**EXERCISE AIM:** An exact copy of every record below is needed, with the pictures left out.

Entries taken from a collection
---+---

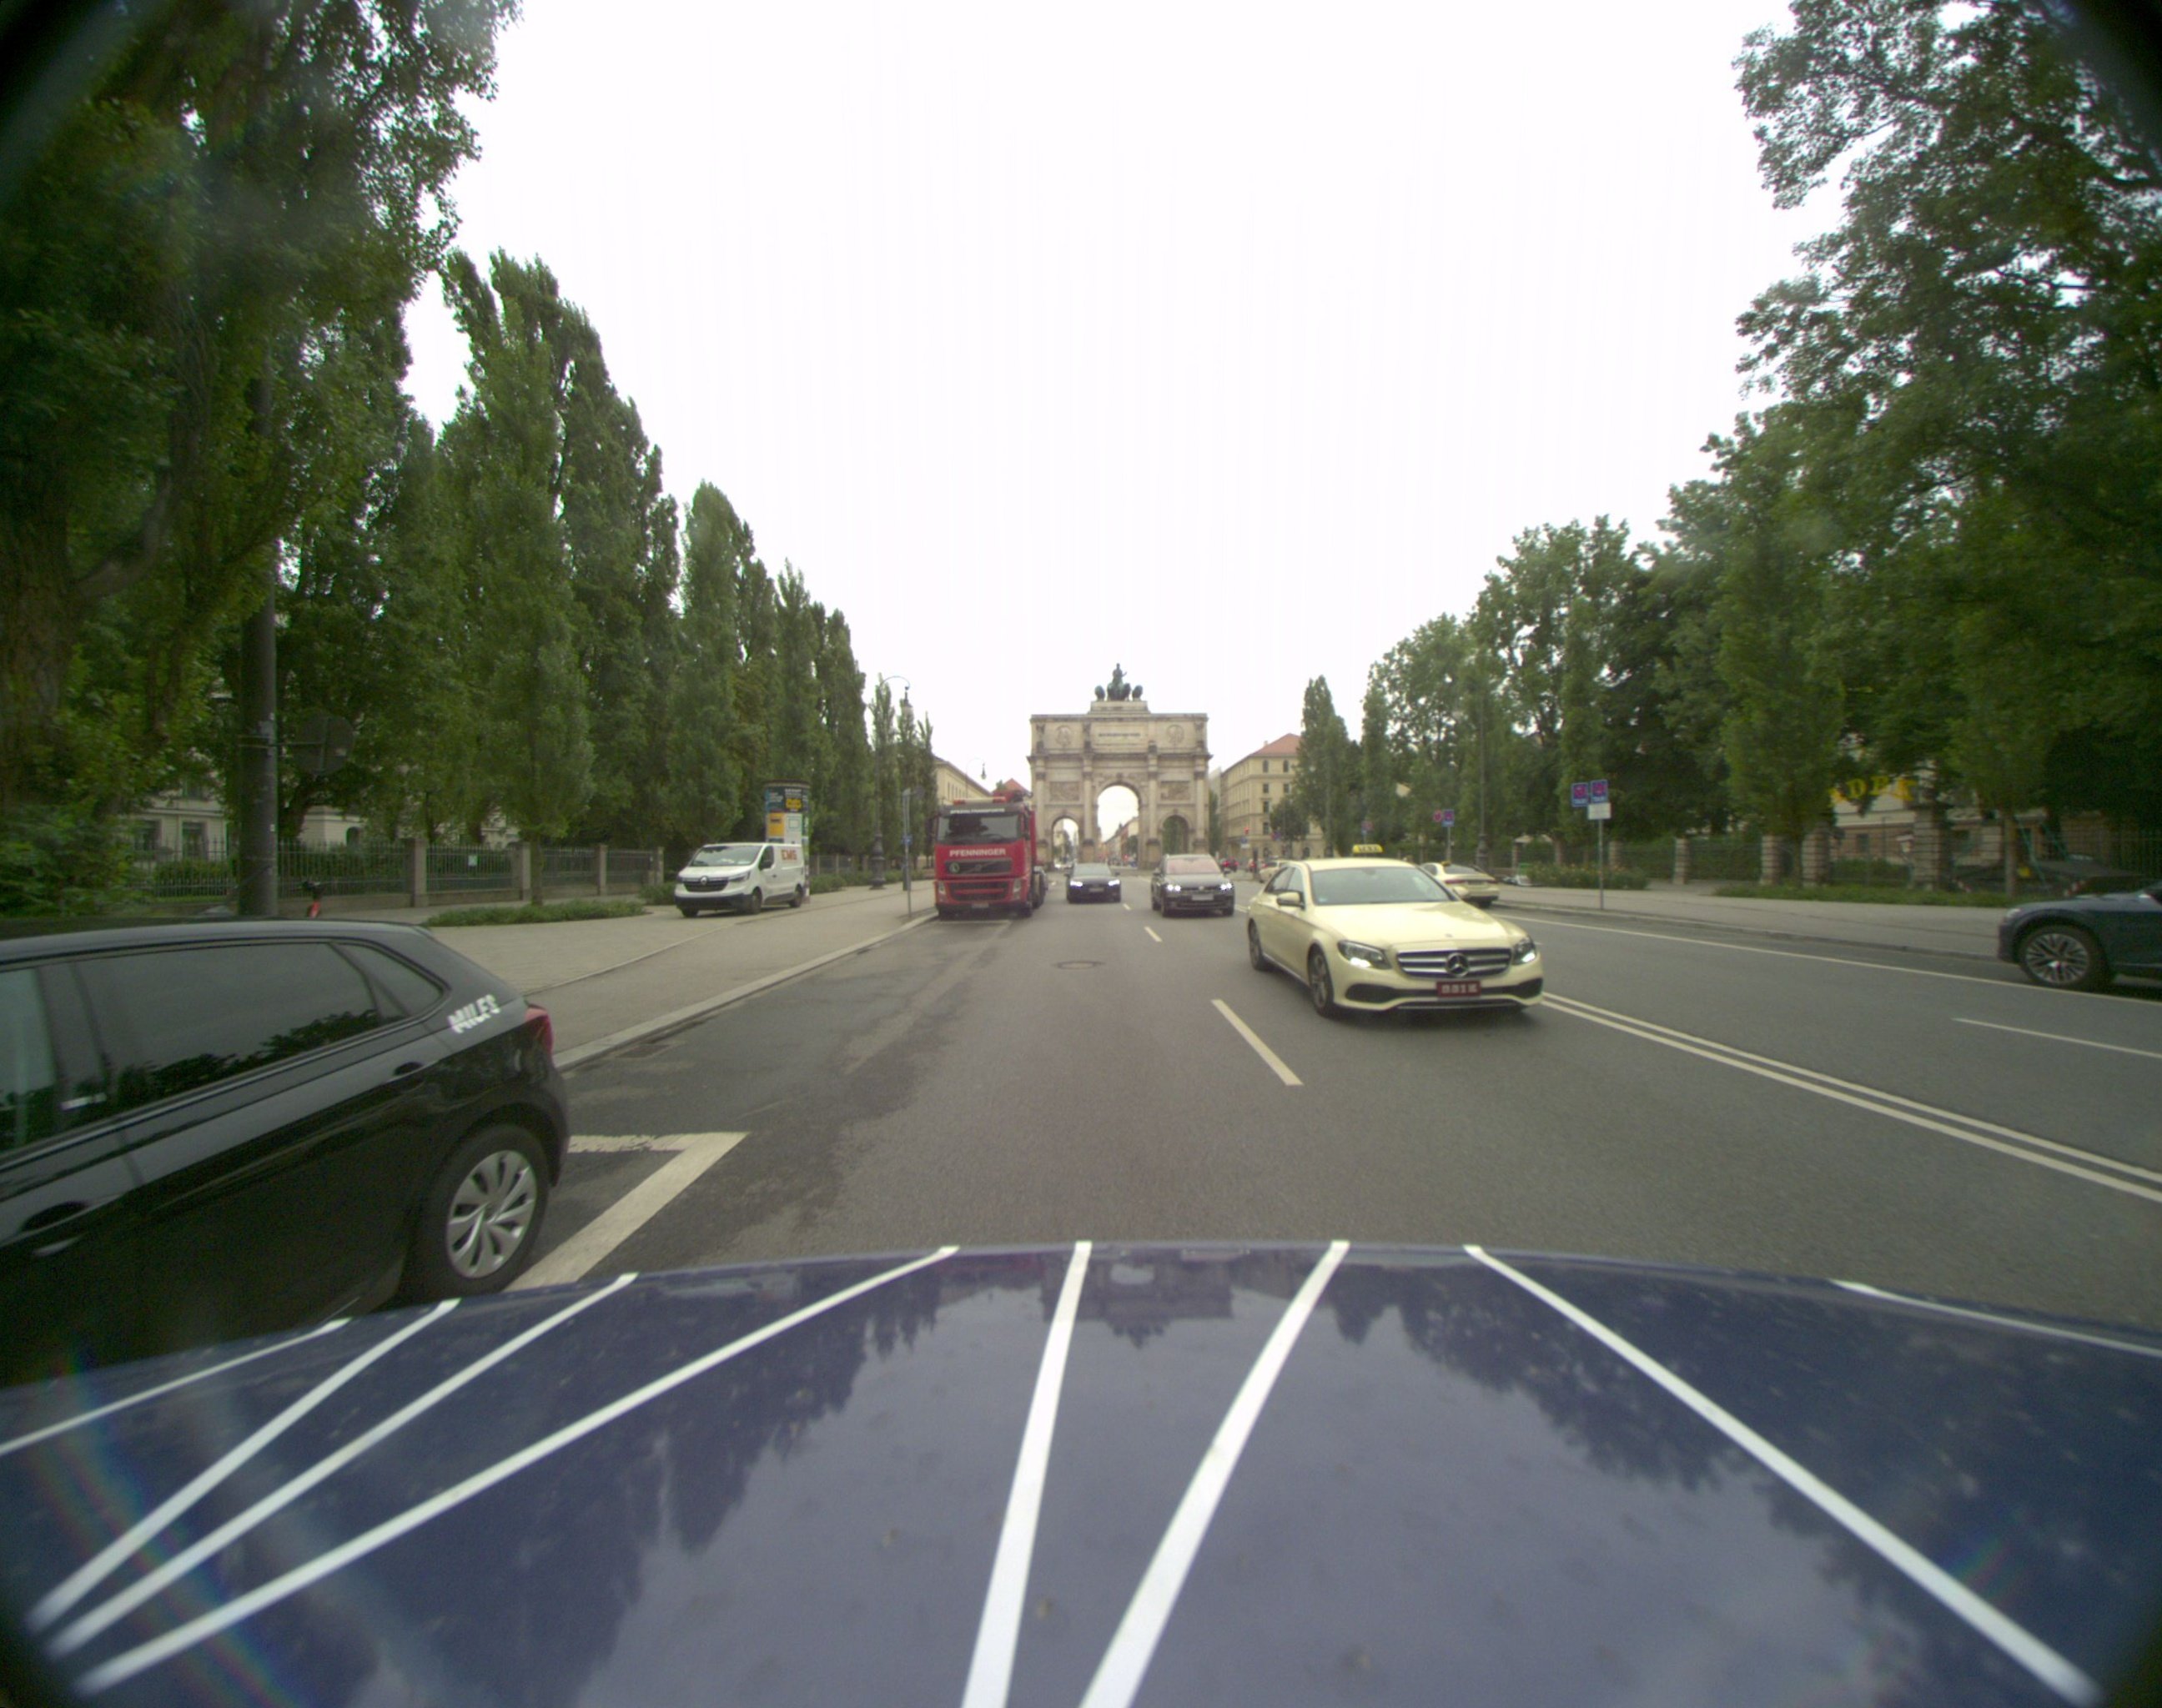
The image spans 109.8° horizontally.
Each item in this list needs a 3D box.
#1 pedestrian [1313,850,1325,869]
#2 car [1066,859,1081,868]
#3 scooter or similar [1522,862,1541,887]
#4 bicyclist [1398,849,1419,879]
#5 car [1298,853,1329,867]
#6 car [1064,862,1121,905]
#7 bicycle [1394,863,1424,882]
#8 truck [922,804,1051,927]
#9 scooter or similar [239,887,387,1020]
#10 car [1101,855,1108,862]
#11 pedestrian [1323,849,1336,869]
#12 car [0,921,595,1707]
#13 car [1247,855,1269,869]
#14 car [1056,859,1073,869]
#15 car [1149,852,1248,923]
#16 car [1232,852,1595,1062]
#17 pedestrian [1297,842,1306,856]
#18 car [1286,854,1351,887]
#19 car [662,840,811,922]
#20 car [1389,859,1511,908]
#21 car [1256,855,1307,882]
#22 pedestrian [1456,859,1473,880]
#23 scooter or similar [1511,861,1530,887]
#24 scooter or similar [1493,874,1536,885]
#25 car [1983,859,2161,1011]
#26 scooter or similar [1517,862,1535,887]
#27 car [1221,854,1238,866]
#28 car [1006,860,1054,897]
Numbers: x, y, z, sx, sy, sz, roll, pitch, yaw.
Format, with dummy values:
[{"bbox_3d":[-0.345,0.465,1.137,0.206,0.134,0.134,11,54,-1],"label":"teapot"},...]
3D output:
[{"bbox_3d":[21.035,0.456,67.204,0.846,1.668,0.967,-1,0,6],"label":"pedestrian"},{"bbox_3d":[-1.397,1.785,145.152,1.785,1.739,4.326,-1,0,16],"label":"car"},{"bbox_3d":[21.961,0.985,37.054,0.243,1.194,1.122,-1,0,0],"label":"scooter or similar"},{"bbox_3d":[16.810,0.513,39.023,0.695,1.489,0.861,0,0,-1],"label":"bicyclist"},{"bbox_3d":[35.443,0.907,115.872,3.997,2.002,2.000,-1,0,0],"label":"car"},{"bbox_3d":[0.347,1.043,28.461,1.922,1.320,4.411,-3,0,-1],"label":"car"},{"bbox_3d":[16.816,0.939,38.985,0.709,0.933,1.735,-1,0,-1],"label":"bicycle"},{"bbox_3d":[-2.621,0.307,24.568,2.720,3.091,10.426,-1,0,1],"label":"truck"},{"bbox_3d":[-8.111,1.008,8.082,0.337,1.258,1.186,-1,0,1],"label":"scooter or similar"},{"bbox_3d":[7.189,1.458,231.771,1.998,2.002,4.395,-1,0,0],"label":"car"},{"bbox_3d":[21.862,0.436,66.845,0.846,1.668,0.967,-1,0,6],"label":"pedestrian"},{"bbox_3d":[-2.955,1.039,1.179,1.759,1.441,4.000,-3,0,0],"label":"car"},{"bbox_3d":[24.443,1.063,105.293,2.004,1.844,4.990,1,1,2],"label":"car"},{"bbox_3d":[-3.056,1.810,139.767,1.785,1.739,4.326,-1,0,16],"label":"car"},{"bbox_3d":[3.040,0.813,20.608,1.953,1.615,4.411,-3,0,0],"label":"car"},{"bbox_3d":[3.076,0.802,8.311,1.919,1.566,4.689,-3,0,1],"label":"car"},{"bbox_3d":[30.244,-0.674,104.156,0.796,2.002,0.754,-1,0,-35],"label":"pedestrian"},{"bbox_3d":[12.591,0.828,40.623,1.942,1.615,4.964,0,1,0],"label":"car"},{"bbox_3d":[-9.276,0.668,20.975,1.885,1.933,4.884,-2,0,-1],"label":"car"},{"bbox_3d":[12.419,0.948,25.967,1.935,1.488,4.791,0,-1,1],"label":"car"},{"bbox_3d":[12.415,0.863,47.354,1.823,1.550,4.858,1,0,0],"label":"car"},{"bbox_3d":[25.015,1.021,49.592,0.578,1.329,0.838,-1,0,-26],"label":"pedestrian"},{"bbox_3d":[21.425,0.945,37.063,0.258,1.234,1.141,-1,0,1],"label":"scooter or similar"},{"bbox_3d":[23.387,1.382,40.963,2.241,0.515,1.329,0,-1,-40],"label":"scooter or similar"},{"bbox_3d":[12.166,0.857,7.174,1.786,1.586,4.613,1,0,0],"label":"car"},{"bbox_3d":[21.697,0.991,37.059,0.243,1.194,1.122,-1,0,0],"label":"scooter or similar"},{"bbox_3d":[20.478,0.850,104.826,1.785,1.662,4.002,-1,0,5],"label":"car"},{"bbox_3d":[-2.207,1.038,33.717,1.792,1.451,4.217,-1,0,0],"label":"car"}]
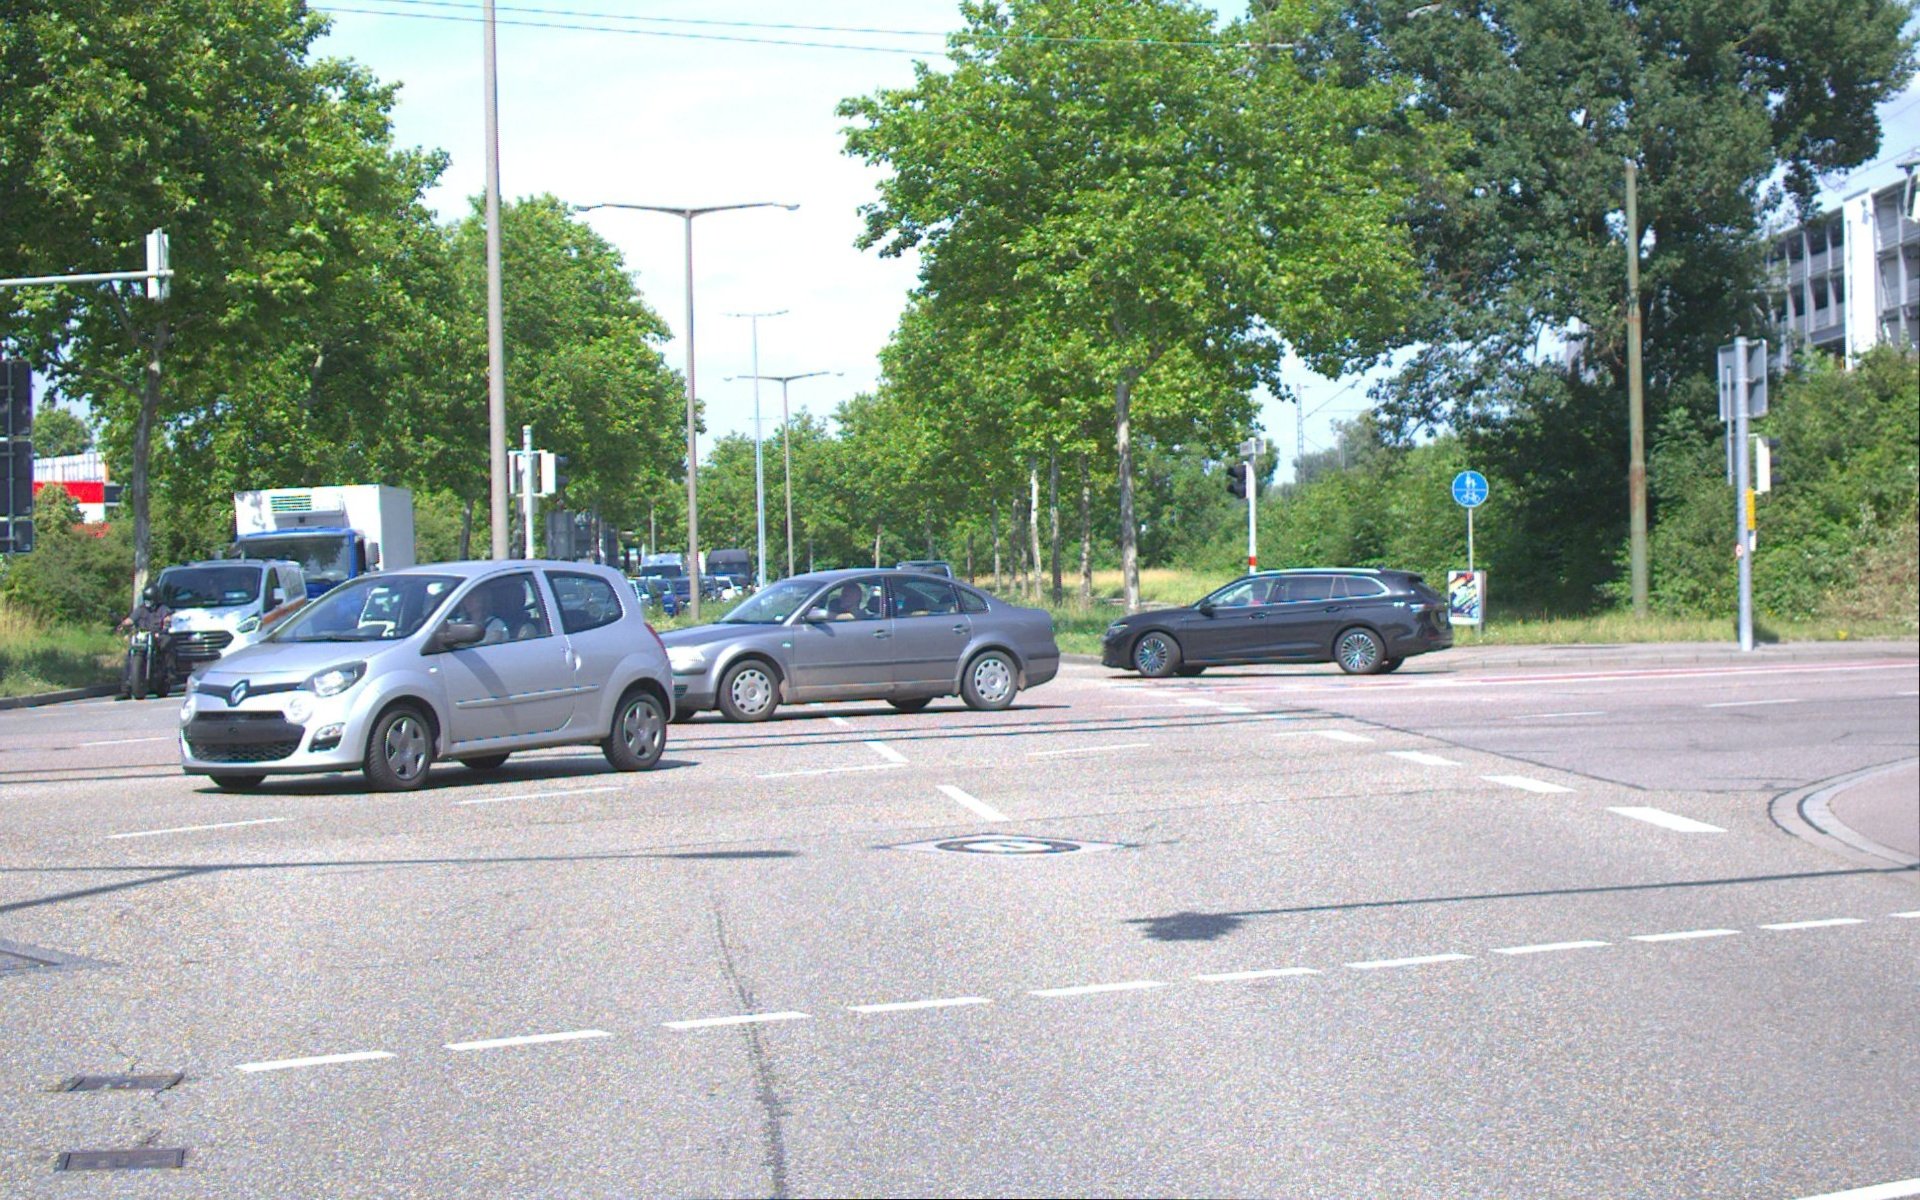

---+---

**REPLY:**
The image spans 109.8° horizontally.
Each item in this list needs a 3D box.
#1 pedestrian [1313,850,1325,869]
#2 car [1066,859,1081,868]
#3 scooter or similar [1522,862,1541,887]
#4 bicyclist [1398,849,1419,879]
#5 car [1298,853,1329,867]
#6 car [1064,862,1121,905]
#7 bicycle [1394,863,1424,882]
#8 truck [922,804,1051,927]
#9 scooter or similar [239,887,387,1020]
#10 car [1101,855,1108,862]
#11 pedestrian [1323,849,1336,869]
#12 car [0,921,595,1707]
#13 car [1247,855,1269,869]
#14 car [1056,859,1073,869]
#15 car [1149,852,1248,923]
#16 car [1232,852,1595,1062]
#17 pedestrian [1297,842,1306,856]
#18 car [1286,854,1351,887]
#19 car [662,840,811,922]
#20 car [1389,859,1511,908]
#21 car [1256,855,1307,882]
#22 pedestrian [1456,859,1473,880]
#23 scooter or similar [1511,861,1530,887]
#24 scooter or similar [1493,874,1536,885]
#25 car [1983,859,2161,1011]
#26 scooter or similar [1517,862,1535,887]
#27 car [1221,854,1238,866]
#28 car [1006,860,1054,897]
Numbers: x, y, z, sx, sy, sz, roll, pitch, yaw.
Format, with dummy values:
[{"bbox_3d":[-0.345,0.465,1.137,0.206,0.134,0.134,11,54,-1],"label":"teapot"},...]
3D output:
[{"bbox_3d":[21.035,0.456,67.204,0.846,1.668,0.967,-1,0,6],"label":"pedestrian"},{"bbox_3d":[-1.397,1.785,145.152,1.785,1.739,4.326,-1,0,16],"label":"car"},{"bbox_3d":[21.961,0.985,37.054,0.243,1.194,1.122,-1,0,0],"label":"scooter or similar"},{"bbox_3d":[16.810,0.513,39.023,0.695,1.489,0.861,0,0,-1],"label":"bicyclist"},{"bbox_3d":[35.443,0.907,115.872,3.997,2.002,2.000,-1,0,0],"label":"car"},{"bbox_3d":[0.347,1.043,28.461,1.922,1.320,4.411,-3,0,-1],"label":"car"},{"bbox_3d":[16.816,0.939,38.985,0.709,0.933,1.735,-1,0,-1],"label":"bicycle"},{"bbox_3d":[-2.621,0.307,24.568,2.720,3.091,10.426,-1,0,1],"label":"truck"},{"bbox_3d":[-8.111,1.008,8.082,0.337,1.258,1.186,-1,0,1],"label":"scooter or similar"},{"bbox_3d":[7.189,1.458,231.771,1.998,2.002,4.395,-1,0,0],"label":"car"},{"bbox_3d":[21.862,0.436,66.845,0.846,1.668,0.967,-1,0,6],"label":"pedestrian"},{"bbox_3d":[-2.955,1.039,1.179,1.759,1.441,4.000,-3,0,0],"label":"car"},{"bbox_3d":[24.443,1.063,105.293,2.004,1.844,4.990,1,1,2],"label":"car"},{"bbox_3d":[-3.056,1.810,139.767,1.785,1.739,4.326,-1,0,16],"label":"car"},{"bbox_3d":[3.040,0.813,20.608,1.953,1.615,4.411,-3,0,0],"label":"car"},{"bbox_3d":[3.076,0.802,8.311,1.919,1.566,4.689,-3,0,1],"label":"car"},{"bbox_3d":[30.244,-0.674,104.156,0.796,2.002,0.754,-1,0,-35],"label":"pedestrian"},{"bbox_3d":[12.591,0.828,40.623,1.942,1.615,4.964,0,1,0],"label":"car"},{"bbox_3d":[-9.276,0.668,20.975,1.885,1.933,4.884,-2,0,-1],"label":"car"},{"bbox_3d":[12.419,0.948,25.967,1.935,1.488,4.791,0,-1,1],"label":"car"},{"bbox_3d":[12.415,0.863,47.354,1.823,1.550,4.858,1,0,0],"label":"car"},{"bbox_3d":[25.015,1.021,49.592,0.578,1.329,0.838,-1,0,-26],"label":"pedestrian"},{"bbox_3d":[21.425,0.945,37.063,0.258,1.234,1.141,-1,0,1],"label":"scooter or similar"},{"bbox_3d":[23.387,1.382,40.963,2.241,0.515,1.329,0,-1,-40],"label":"scooter or similar"},{"bbox_3d":[12.166,0.857,7.174,1.786,1.586,4.613,1,0,0],"label":"car"},{"bbox_3d":[21.697,0.991,37.059,0.243,1.194,1.122,-1,0,0],"label":"scooter or similar"},{"bbox_3d":[20.478,0.850,104.826,1.785,1.662,4.002,-1,0,5],"label":"car"},{"bbox_3d":[-2.207,1.038,33.717,1.792,1.451,4.217,-1,0,0],"label":"car"}]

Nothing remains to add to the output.